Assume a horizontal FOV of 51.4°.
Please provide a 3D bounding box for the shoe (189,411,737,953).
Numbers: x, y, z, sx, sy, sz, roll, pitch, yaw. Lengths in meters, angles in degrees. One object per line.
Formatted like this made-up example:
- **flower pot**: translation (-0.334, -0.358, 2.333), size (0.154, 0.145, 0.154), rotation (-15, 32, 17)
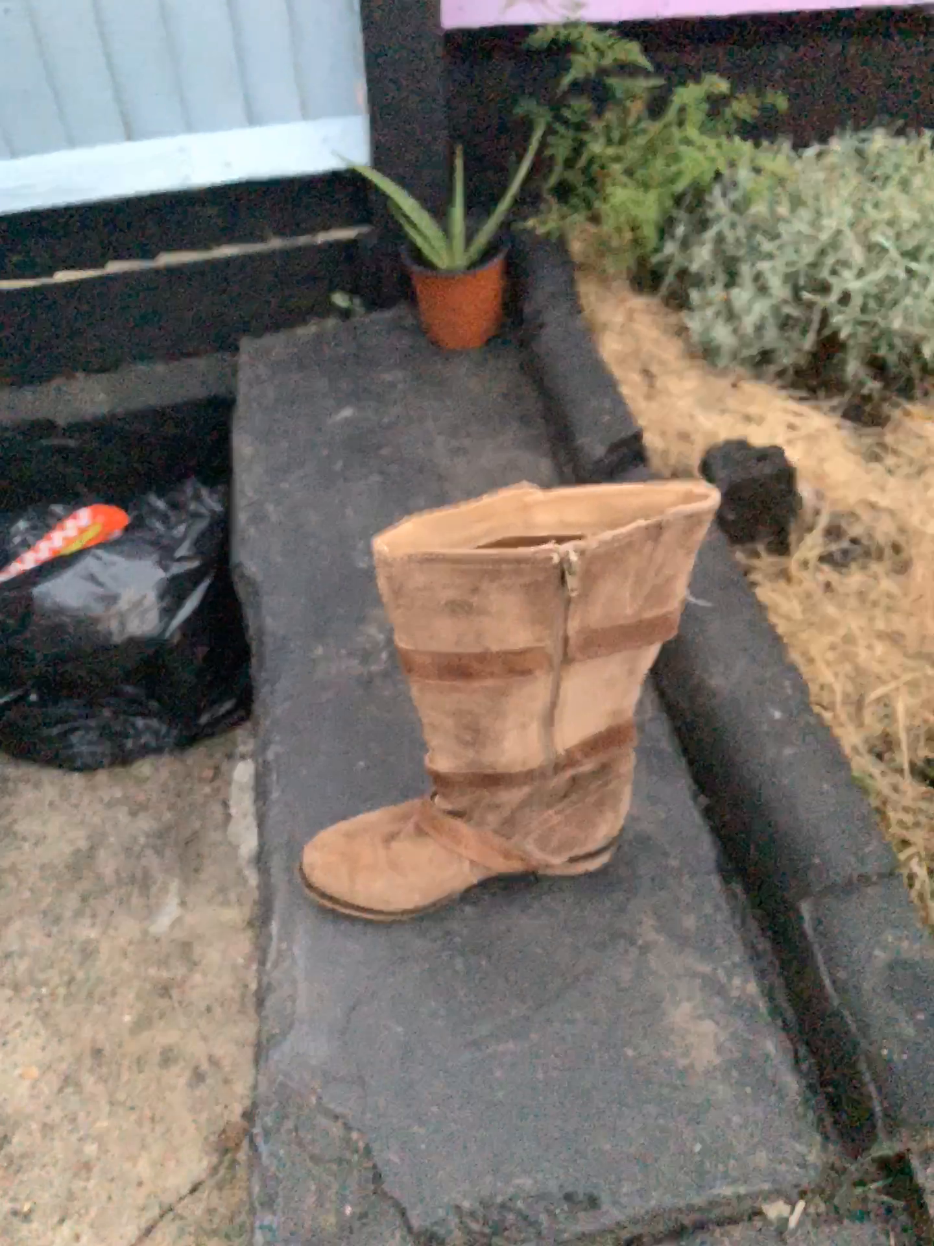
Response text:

※

Work task: Each entry gets copied exactly; the pictures stay out.

Answer:
Assume a horizontal FOV of 51.4°.
Please provide a 3D bounding box for the shoe (189,411,737,953).
Numbers: x, y, z, sx, sy, sz, roll, pitch, yaw. Lengths in meters, angles in degrees. One object per line.
Formatted like this made-up example:
- **flower pot**: translation (-0.334, -0.358, 2.333), size (0.154, 0.145, 0.154), rotation (-15, 32, 17)
Response text:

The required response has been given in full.